⟨

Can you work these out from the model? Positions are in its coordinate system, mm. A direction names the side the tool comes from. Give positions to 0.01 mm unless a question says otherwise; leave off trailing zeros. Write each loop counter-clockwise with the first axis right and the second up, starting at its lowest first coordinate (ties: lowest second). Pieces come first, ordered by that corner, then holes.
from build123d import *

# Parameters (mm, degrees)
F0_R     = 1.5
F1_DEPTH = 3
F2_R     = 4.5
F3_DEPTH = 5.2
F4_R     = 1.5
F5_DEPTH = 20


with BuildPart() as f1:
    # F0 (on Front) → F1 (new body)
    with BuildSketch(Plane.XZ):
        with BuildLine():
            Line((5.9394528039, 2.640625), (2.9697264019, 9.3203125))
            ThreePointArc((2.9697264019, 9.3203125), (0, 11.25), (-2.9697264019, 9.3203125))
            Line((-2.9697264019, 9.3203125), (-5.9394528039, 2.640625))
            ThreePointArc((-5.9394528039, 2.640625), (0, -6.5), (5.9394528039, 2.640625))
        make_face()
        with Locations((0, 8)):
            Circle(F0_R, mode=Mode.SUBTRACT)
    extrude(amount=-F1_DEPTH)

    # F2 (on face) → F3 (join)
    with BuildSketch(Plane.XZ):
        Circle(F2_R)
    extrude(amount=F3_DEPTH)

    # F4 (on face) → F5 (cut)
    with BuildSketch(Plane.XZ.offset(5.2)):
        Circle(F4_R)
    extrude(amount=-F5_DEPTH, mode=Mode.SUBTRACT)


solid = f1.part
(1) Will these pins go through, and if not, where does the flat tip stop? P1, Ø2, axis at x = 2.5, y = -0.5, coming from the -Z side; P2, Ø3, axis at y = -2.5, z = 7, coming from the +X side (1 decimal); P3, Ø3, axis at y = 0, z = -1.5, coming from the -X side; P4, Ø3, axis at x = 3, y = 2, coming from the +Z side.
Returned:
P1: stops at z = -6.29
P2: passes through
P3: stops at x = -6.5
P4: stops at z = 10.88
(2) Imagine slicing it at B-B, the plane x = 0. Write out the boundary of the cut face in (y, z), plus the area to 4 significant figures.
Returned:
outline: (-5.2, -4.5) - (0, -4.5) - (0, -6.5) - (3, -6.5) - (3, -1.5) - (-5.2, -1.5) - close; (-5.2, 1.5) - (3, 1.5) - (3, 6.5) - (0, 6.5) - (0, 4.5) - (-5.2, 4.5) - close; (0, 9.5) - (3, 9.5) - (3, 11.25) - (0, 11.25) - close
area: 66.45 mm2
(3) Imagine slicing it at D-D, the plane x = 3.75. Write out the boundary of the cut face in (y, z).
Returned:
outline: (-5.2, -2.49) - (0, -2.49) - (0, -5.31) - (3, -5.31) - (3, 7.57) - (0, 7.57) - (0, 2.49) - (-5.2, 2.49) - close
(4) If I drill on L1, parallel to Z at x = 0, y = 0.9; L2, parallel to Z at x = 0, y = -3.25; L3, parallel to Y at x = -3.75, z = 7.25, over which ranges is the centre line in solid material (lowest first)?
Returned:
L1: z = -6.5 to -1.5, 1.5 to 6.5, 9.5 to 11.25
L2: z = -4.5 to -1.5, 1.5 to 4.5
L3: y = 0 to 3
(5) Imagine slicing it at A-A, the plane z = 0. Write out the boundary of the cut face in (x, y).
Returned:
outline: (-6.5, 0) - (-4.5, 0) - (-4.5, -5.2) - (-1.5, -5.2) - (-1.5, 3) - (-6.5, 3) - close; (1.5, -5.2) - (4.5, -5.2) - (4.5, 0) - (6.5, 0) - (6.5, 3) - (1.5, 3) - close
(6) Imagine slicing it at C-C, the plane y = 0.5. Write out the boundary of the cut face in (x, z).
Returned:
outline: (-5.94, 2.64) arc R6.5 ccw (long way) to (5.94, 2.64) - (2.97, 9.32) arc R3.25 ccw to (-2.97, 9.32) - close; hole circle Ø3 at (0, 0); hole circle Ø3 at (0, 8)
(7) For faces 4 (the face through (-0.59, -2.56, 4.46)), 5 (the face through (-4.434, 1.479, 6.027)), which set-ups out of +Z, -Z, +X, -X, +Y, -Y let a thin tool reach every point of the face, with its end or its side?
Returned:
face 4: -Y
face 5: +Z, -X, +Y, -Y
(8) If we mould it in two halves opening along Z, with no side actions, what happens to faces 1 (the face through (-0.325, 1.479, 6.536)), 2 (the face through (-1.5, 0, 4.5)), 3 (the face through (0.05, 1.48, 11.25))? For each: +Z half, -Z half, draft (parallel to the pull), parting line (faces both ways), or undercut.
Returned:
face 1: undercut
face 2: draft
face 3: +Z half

⟩
⟨

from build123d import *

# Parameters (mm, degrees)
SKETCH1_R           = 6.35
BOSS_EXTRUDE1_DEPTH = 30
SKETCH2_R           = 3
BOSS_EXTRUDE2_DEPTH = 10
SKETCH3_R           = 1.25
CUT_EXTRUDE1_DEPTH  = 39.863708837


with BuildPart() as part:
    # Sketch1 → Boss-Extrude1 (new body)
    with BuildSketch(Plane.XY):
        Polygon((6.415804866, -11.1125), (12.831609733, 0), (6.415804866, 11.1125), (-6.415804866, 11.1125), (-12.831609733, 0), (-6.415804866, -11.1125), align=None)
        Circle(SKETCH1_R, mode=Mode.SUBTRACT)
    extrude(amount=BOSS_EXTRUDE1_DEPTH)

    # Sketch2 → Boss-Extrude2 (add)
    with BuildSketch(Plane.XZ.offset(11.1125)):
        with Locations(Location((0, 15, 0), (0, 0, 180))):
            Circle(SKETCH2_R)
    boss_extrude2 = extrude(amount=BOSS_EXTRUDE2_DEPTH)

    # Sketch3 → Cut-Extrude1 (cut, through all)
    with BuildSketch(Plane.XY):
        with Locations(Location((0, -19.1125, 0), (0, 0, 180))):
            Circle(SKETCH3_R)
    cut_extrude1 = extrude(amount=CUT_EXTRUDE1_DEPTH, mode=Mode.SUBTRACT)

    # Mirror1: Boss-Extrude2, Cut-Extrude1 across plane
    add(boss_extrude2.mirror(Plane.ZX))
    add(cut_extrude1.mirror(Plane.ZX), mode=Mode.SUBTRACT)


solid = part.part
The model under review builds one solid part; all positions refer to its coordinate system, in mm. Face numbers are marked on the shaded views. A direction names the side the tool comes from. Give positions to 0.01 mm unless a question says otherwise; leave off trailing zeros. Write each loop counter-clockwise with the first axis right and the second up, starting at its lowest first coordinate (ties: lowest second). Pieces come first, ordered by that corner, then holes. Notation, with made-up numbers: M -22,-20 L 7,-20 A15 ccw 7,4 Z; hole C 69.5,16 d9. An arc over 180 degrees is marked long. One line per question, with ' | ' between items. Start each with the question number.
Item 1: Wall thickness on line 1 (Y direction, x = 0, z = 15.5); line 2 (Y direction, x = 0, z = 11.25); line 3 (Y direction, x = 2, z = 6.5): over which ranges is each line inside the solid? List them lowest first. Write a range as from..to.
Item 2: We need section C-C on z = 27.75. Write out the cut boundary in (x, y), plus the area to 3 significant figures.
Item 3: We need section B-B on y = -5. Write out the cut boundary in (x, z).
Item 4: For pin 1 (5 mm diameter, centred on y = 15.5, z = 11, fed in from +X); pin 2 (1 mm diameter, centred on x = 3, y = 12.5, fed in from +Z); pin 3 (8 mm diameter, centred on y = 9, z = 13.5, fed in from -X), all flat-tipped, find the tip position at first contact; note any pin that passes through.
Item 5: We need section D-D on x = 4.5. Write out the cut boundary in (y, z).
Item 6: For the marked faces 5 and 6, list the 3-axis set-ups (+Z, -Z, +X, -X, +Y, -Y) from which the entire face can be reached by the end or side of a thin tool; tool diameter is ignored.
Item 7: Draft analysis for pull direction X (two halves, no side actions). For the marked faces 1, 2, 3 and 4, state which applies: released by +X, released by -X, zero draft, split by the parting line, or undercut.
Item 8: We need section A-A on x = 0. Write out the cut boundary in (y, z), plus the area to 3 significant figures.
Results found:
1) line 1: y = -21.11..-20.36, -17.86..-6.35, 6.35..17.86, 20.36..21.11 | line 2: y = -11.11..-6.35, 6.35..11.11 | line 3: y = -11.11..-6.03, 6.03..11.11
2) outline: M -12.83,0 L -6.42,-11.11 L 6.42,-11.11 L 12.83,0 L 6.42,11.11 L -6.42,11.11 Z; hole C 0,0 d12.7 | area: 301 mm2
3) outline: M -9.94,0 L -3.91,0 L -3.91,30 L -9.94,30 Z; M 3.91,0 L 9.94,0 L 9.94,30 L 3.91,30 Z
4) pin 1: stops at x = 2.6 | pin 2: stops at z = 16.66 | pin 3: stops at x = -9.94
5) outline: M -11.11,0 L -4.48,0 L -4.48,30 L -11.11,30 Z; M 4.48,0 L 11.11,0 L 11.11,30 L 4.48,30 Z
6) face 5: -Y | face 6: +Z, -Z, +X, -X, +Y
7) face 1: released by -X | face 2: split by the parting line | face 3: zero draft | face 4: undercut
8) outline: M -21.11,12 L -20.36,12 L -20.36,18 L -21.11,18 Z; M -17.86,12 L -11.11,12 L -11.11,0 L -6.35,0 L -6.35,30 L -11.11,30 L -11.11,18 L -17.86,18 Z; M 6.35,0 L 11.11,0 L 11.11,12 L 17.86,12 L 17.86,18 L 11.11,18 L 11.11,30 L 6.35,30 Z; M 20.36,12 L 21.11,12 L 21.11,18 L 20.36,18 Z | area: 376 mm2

⟩
⟨

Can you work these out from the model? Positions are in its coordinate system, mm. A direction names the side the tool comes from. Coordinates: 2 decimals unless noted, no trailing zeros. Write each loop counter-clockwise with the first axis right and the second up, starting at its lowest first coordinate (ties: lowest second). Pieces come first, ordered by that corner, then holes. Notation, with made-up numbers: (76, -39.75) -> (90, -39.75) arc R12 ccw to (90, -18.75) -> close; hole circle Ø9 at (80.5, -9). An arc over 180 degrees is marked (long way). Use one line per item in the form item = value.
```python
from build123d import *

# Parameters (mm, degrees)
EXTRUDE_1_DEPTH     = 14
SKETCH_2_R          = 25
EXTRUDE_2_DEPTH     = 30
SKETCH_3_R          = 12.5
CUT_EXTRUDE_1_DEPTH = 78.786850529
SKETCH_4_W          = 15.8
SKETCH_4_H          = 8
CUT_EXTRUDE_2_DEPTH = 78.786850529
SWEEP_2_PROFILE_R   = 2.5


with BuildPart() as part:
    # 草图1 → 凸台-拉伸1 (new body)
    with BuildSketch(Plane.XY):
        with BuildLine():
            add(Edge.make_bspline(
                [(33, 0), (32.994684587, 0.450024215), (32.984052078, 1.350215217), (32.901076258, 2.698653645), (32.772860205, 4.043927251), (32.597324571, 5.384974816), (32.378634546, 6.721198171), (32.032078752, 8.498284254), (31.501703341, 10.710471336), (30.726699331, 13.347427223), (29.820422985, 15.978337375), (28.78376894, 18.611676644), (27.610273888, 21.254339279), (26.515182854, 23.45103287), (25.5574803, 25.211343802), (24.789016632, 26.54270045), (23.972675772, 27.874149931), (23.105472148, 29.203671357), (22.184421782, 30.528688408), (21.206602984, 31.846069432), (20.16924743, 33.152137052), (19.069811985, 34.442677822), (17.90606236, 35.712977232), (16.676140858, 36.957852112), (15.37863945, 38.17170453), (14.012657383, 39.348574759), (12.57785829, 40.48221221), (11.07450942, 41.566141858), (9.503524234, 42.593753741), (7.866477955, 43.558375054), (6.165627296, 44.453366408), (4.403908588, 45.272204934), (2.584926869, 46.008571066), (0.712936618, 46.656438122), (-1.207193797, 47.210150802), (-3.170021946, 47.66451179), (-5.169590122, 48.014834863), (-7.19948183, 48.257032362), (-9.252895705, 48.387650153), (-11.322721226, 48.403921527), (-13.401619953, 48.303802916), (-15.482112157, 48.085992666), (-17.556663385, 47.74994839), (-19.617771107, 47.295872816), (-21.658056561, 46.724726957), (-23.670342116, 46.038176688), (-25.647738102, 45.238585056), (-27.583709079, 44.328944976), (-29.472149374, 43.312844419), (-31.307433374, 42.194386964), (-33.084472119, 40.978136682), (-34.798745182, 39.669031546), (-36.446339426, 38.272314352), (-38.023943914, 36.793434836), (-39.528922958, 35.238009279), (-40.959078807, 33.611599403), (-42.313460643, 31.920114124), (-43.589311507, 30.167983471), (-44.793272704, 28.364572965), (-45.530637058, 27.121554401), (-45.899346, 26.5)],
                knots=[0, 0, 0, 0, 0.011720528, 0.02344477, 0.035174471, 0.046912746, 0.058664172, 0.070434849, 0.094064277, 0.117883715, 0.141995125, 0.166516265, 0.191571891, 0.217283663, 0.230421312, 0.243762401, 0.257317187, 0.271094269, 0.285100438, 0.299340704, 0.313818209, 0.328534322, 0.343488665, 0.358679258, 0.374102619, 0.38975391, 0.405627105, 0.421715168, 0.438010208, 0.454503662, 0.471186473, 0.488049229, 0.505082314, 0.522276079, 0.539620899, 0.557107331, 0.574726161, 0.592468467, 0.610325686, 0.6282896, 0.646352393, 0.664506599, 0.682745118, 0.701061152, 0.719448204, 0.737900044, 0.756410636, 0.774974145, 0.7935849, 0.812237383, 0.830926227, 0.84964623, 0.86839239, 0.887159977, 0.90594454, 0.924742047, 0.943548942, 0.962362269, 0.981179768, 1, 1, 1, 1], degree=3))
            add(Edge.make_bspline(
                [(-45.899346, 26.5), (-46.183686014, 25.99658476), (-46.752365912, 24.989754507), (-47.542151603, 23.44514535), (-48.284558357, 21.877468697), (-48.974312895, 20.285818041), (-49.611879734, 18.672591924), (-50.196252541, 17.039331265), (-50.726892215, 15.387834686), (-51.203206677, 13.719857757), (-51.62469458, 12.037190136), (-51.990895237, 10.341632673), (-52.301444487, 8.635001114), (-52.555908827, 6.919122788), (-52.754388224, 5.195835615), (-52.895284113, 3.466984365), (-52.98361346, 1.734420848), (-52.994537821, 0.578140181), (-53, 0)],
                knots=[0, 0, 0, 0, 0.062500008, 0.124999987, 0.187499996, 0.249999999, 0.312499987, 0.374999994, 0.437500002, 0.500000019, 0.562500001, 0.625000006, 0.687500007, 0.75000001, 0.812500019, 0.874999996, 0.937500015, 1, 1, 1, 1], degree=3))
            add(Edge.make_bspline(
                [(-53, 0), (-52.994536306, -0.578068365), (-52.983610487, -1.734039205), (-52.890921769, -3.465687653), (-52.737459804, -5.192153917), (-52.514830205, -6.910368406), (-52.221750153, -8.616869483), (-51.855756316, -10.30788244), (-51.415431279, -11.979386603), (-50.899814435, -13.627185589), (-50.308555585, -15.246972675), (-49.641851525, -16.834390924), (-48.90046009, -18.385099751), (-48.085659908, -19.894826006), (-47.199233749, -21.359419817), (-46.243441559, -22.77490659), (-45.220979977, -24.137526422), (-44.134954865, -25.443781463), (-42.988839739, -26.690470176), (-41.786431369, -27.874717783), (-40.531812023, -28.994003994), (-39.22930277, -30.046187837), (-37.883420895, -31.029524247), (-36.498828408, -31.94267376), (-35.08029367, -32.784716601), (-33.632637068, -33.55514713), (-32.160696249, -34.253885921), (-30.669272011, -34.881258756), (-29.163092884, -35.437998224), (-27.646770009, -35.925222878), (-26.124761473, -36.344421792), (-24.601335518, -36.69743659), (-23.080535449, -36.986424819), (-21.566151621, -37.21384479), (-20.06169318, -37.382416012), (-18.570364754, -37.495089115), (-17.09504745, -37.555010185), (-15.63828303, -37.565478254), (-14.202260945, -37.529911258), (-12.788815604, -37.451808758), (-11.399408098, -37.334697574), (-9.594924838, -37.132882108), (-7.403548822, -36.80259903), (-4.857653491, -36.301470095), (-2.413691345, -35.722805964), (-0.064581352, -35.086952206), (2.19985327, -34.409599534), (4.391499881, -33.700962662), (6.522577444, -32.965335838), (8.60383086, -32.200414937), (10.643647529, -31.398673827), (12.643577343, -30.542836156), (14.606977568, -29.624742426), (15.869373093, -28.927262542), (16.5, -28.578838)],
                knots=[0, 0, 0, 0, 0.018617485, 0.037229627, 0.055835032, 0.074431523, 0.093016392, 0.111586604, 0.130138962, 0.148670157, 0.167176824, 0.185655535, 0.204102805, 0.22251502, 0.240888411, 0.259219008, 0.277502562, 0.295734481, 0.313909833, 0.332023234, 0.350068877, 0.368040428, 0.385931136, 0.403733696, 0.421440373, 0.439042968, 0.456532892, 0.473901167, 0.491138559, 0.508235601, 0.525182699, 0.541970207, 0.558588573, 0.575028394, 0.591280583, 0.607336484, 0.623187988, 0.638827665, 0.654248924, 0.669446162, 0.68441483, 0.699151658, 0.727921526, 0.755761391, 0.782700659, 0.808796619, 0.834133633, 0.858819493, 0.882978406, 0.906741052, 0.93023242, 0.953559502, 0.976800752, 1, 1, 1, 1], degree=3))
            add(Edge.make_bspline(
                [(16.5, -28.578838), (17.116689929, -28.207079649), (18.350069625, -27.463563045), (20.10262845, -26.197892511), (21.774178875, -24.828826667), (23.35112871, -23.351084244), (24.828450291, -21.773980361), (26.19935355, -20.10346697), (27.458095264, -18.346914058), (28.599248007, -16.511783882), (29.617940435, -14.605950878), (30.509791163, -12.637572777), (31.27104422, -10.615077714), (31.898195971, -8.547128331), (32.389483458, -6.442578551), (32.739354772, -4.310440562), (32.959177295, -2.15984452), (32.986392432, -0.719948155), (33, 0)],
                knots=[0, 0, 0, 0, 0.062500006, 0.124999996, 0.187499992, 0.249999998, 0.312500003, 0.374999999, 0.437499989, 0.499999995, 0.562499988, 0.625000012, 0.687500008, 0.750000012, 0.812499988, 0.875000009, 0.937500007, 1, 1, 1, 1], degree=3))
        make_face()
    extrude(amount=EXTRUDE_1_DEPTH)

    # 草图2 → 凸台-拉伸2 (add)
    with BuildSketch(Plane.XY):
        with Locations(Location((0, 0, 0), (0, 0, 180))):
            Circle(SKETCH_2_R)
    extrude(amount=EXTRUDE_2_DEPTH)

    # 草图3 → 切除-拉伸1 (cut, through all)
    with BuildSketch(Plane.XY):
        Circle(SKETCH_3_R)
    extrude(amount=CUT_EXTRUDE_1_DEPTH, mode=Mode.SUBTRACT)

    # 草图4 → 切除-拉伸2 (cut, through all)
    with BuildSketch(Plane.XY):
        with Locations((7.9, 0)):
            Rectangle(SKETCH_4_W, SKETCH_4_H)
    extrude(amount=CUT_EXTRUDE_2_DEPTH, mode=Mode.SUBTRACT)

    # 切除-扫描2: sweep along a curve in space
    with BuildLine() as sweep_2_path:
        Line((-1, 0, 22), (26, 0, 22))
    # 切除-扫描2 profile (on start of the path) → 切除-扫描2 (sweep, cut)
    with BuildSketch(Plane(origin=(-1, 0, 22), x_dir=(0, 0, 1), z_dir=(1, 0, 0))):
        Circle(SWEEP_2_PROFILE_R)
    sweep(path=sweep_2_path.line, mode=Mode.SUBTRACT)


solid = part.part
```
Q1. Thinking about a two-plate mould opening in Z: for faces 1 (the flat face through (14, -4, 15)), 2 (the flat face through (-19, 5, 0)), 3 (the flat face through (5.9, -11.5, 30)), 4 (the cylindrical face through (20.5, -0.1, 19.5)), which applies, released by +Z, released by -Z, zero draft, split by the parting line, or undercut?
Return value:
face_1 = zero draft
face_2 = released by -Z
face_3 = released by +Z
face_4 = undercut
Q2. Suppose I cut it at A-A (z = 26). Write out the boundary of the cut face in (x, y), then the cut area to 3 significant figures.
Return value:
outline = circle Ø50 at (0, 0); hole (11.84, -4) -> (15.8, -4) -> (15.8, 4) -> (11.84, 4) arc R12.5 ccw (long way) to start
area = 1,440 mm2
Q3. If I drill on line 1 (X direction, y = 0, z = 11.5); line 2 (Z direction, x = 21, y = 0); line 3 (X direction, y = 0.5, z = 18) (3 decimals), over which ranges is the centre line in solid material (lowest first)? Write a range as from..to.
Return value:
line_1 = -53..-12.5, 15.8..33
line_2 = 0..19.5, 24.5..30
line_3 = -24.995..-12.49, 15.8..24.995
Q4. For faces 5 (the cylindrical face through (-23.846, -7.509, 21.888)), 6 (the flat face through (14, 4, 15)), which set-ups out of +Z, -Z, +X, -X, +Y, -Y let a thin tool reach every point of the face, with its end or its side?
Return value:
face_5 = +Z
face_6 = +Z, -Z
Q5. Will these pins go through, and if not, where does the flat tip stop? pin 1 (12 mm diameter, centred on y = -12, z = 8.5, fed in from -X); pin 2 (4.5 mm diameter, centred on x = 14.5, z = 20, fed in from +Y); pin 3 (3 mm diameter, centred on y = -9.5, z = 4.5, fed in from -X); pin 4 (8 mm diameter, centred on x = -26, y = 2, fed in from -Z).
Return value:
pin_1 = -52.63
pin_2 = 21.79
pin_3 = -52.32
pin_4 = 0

⟩

Problem to solve: Starting at the line that has "Line((-2.9697264019, 9.3203125), (-5.9394528039, 2.640625))" and ending at the line that has "solid = f1.part", please write out the lines above exactly, leaving out all others.

Written answer:
            Line((-2.9697264019, 9.3203125), (-5.9394528039, 2.640625))
            ThreePointArc((-5.9394528039, 2.640625), (0, -6.5), (5.9394528039, 2.640625))
        make_face()
        with Locations((0, 8)):
            Circle(F0_R, mode=Mode.SUBTRACT)
    extrude(amount=-F1_DEPTH)

    # F2 (on face) → F3 (join)
    with BuildSketch(Plane.XZ):
        Circle(F2_R)
    extrude(amount=F3_DEPTH)

    # F4 (on face) → F5 (cut)
    with BuildSketch(Plane.XZ.offset(5.2)):
        Circle(F4_R)
    extrude(amount=-F5_DEPTH, mode=Mode.SUBTRACT)


solid = f1.part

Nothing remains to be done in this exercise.